Question

A straight line passes through a fixed point (h,k).The locus of the foot of the perpendicular on it drawn from the origin

Answer 1

Let P(h, k) be the given point, let Q(x, y) be the foot of the perpendicular, and let O be the origin. The line can have any direction.  

∠PQO = 90°  

Point Q lies on the circle having diameter OP.  

The locus of point Q:  

(x - 0)(x - h) + (y - 0)(y - k) = 0  

x² + y² - hx - ky = 0

Answer 2

Let A( x, y) be any point on the Locus.

The given Straight line passes through B (h, k).
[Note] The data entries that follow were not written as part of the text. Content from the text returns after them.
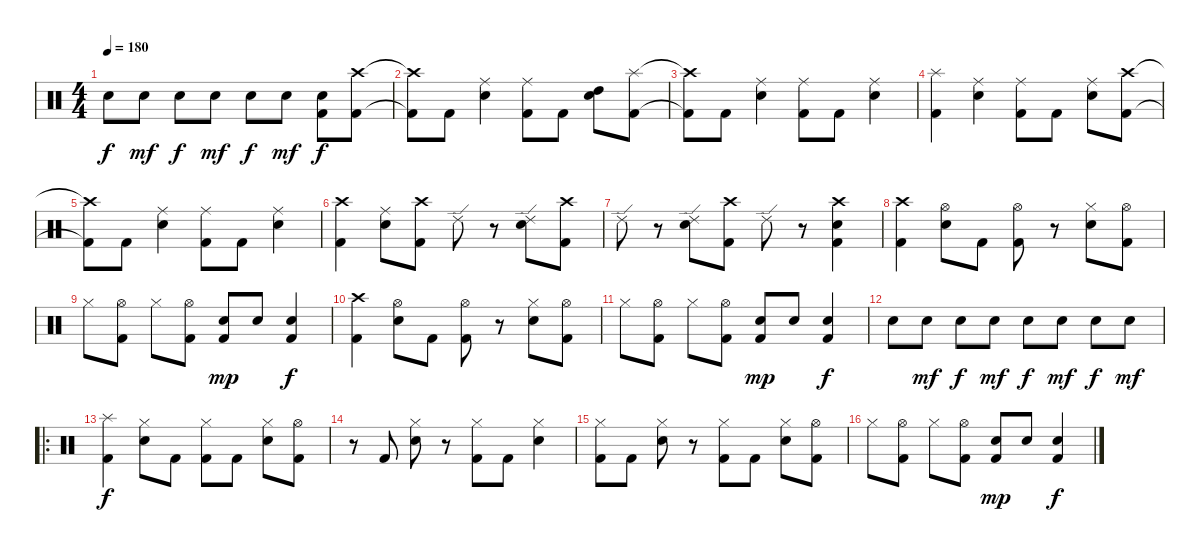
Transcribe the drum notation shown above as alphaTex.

\track "" {instrument percussion}
\staff {score}
\articulation defaults
\ts (4 4)
\tempo 180
\clef neutral
\ks c "Electric Snare (hit)".8{dy f} "Electric Snare (hit)".8{dy mf} "Electric Snare (hit)".8{dy f} "Electric Snare (hit)".8{dy mf} "Electric Snare (hit)".8{dy f} "Electric Snare (hit)".8{dy mf}
("Electric Snare (hit)" "Kick (hit) 2").8{dy f} ("Crash high (hit)" "Kick (hit) 2").8 |
("Crash high (hit)"{t} "Kick (hit) 2"{t}).8 "Kick (hit) 2".8 ("Ride (middle)" "Electric Snare (hit)").4 ("Ride (middle)" "Kick (hit) 2").8 "Kick (hit) 2".8 ("High Tom (hit)" "Electric Snare (hit)").8 ("Splash (hit)" "Kick (hit) 2").8 |
("Crash high (hit)"{t} "Kick (hit) 2"{t}).8 "Kick (hit) 2".8 ("Ride (middle)" "Electric Snare (hit)").4 ("Ride (middle)" "Kick (hit) 2").8 "Kick (hit) 2".8 ("Ride (middle)" "Electric Snare (hit)").4 |
("Splash (hit)" "Kick (hit) 2").4 ("Ride (middle)" "Electric Snare (hit)").4 ("Ride (middle)" "Kick (hit) 2").8 "Kick (hit) 2".8 ("Ride (middle)" "Electric Snare (hit)").8 ("Crash high (hit)" "Kick (hit) 2").8 |
("Crash high (hit)"{t} "Kick (hit) 2"{t}).8 "Kick (hit) 2".8 ("Ride (middle)" "Electric Snare (hit)").4 ("Ride (middle)" "Kick (hit) 2").8 "Kick (hit) 2".8 ("Ride (middle)" "Electric Snare (hit)").4 |
("Crash high (hit)" "Kick (hit) 2").4 ("Ride (middle)" "Electric Snare (hit)").8 ("Crash high (hit)" "Kick (hit) 2").8 "Ride (edge) 2".8 r.8 ("Ride (edge) 2" "Electric Snare (hit)").8 ("Crash high (hit)" "Kick (hit) 2").8 |
"Ride (edge) 2".8 r.8 ("Ride (edge) 2" "Electric Snare (hit)").8 ("Crash high (hit)" "Kick (hit) 2").8 "Ride (edge) 2".8 r.8 ("Crash high (hit)" "Electric Snare (hit)" "Kick (hit) 2").4 |
("Crash high (hit)" "Kick (hit) 2").4 ("Hi-Hat (open)" "Electric Snare (hit)").8 "Kick (hit) 2".8 ("Hi-Hat (open)" "Kick (hit) 2").8 r.8 ("Hi-Hat (closed)" "Electric Snare (hit)").8 ("Hi-Hat (open)" "Kick (hit) 2").8 |
"Hi-Hat (closed)".8 ("Hi-Hat (open)" "Kick (hit) 2").8 "Hi-Hat (closed)".8 ("Hi-Hat (open)" "Kick (hit) 2").8 ("Electric Snare (hit)" "Kick (hit) 2").8{dy mp} "Electric Snare (hit)".8 ("Electric Snare (hit)" "Kick (hit) 2").4{dy f} |
("Crash high (hit)" "Kick (hit) 2").4 ("Hi-Hat (open)" "Electric Snare (hit)").8 "Kick (hit) 2".8 ("Hi-Hat (open)" "Kick (hit) 2").8 r.8 ("Hi-Hat (closed)" "Electric Snare (hit)").8 ("Hi-Hat (open)" "Kick (hit) 2").8 |
"Hi-Hat (closed)".8 ("Hi-Hat (open)" "Kick (hit) 2").8 "Hi-Hat (closed)".8 ("Hi-Hat (open)" "Kick (hit) 2").8 ("Electric Snare (hit)" "Kick (hit) 2").8{dy mp} "Electric Snare (hit)".8 ("Electric Snare (hit)" "Kick (hit) 2").4{dy f} |
"Electric Snare (hit)".8 "Electric Snare (hit)".8{dy mf} "Electric Snare (hit)".8{dy f} "Electric Snare (hit)".8{dy mf} "Electric Snare (hit)".8{dy f} "Electric Snare (hit)".8{dy mf} "Electric Snare (hit)".8{dy f} "Electric Snare (hit)".8{dy mf} |
\ro
("Splash (hit)" "Kick (hit) 2").4{dy f} ("Hi-Hat (closed)" "Electric Snare (hit)").8 "Kick (hit) 2".8 ("Hi-Hat (closed)" "Kick (hit) 2").8 "Kick (hit) 2".8 ("Hi-Hat (closed)" "Electric Snare (hit)").8 ("Hi-Hat (open)" "Kick (hit) 2").8 |
r.8 "Kick (hit) 2".8 ("Hi-Hat (closed)" "Electric Snare (hit)").8 r.8 ("Hi-Hat (closed)" "Kick (hit) 2").8 "Kick (hit) 2".8 ("Hi-Hat (closed)" "Electric Snare (hit)").4 |
("Hi-Hat (closed)" "Kick (hit) 2").8 "Kick (hit) 2".8 ("Hi-Hat (closed)" "Electric Snare (hit)").8 r.8 ("Hi-Hat (closed)" "Kick (hit) 2").8 "Kick (hit) 2".8 ("Hi-Hat (closed)" "Electric Snare (hit)").8 ("Hi-Hat (open)" "Kick (hit) 2").8 |
"Hi-Hat (closed)".8 ("Hi-Hat (open)" "Kick (hit) 2").8 "Hi-Hat (closed)".8 ("Hi-Hat (open)" "Kick (hit) 2").8 ("Electric Snare (hit)" "Kick (hit) 2").8{dy mp} "Electric Snare (hit)".8 ("Electric Snare (hit)" "Kick (hit) 2").4{dy f}

Since A, B are both the points on the same line, They are collinear and B is the foot of the perpendicular from O.

So, AB ⊥ AO .

$\sf \: Slope \: of \: AB = \frac{y - k}{x - h}$

$\sf \: Slope of AO = \frac{y - 0}{x - 0} = \frac{y}{x}$

Product of slopes of perpendicular lines is - 1

$\frac{y}{x} \times \frac{y - k}{x - h} = - 1 \\ \\ y(y - k) = - x(x - h) \\ \\ y ^{2} - yk \: = - {x}^{2} + xh \\ \\ {x}^{2} + {y}^{2} - xh - yk = 0$

This is required locus of foot of perpendicular drawn from origin to a variable straight line passing through (h, k).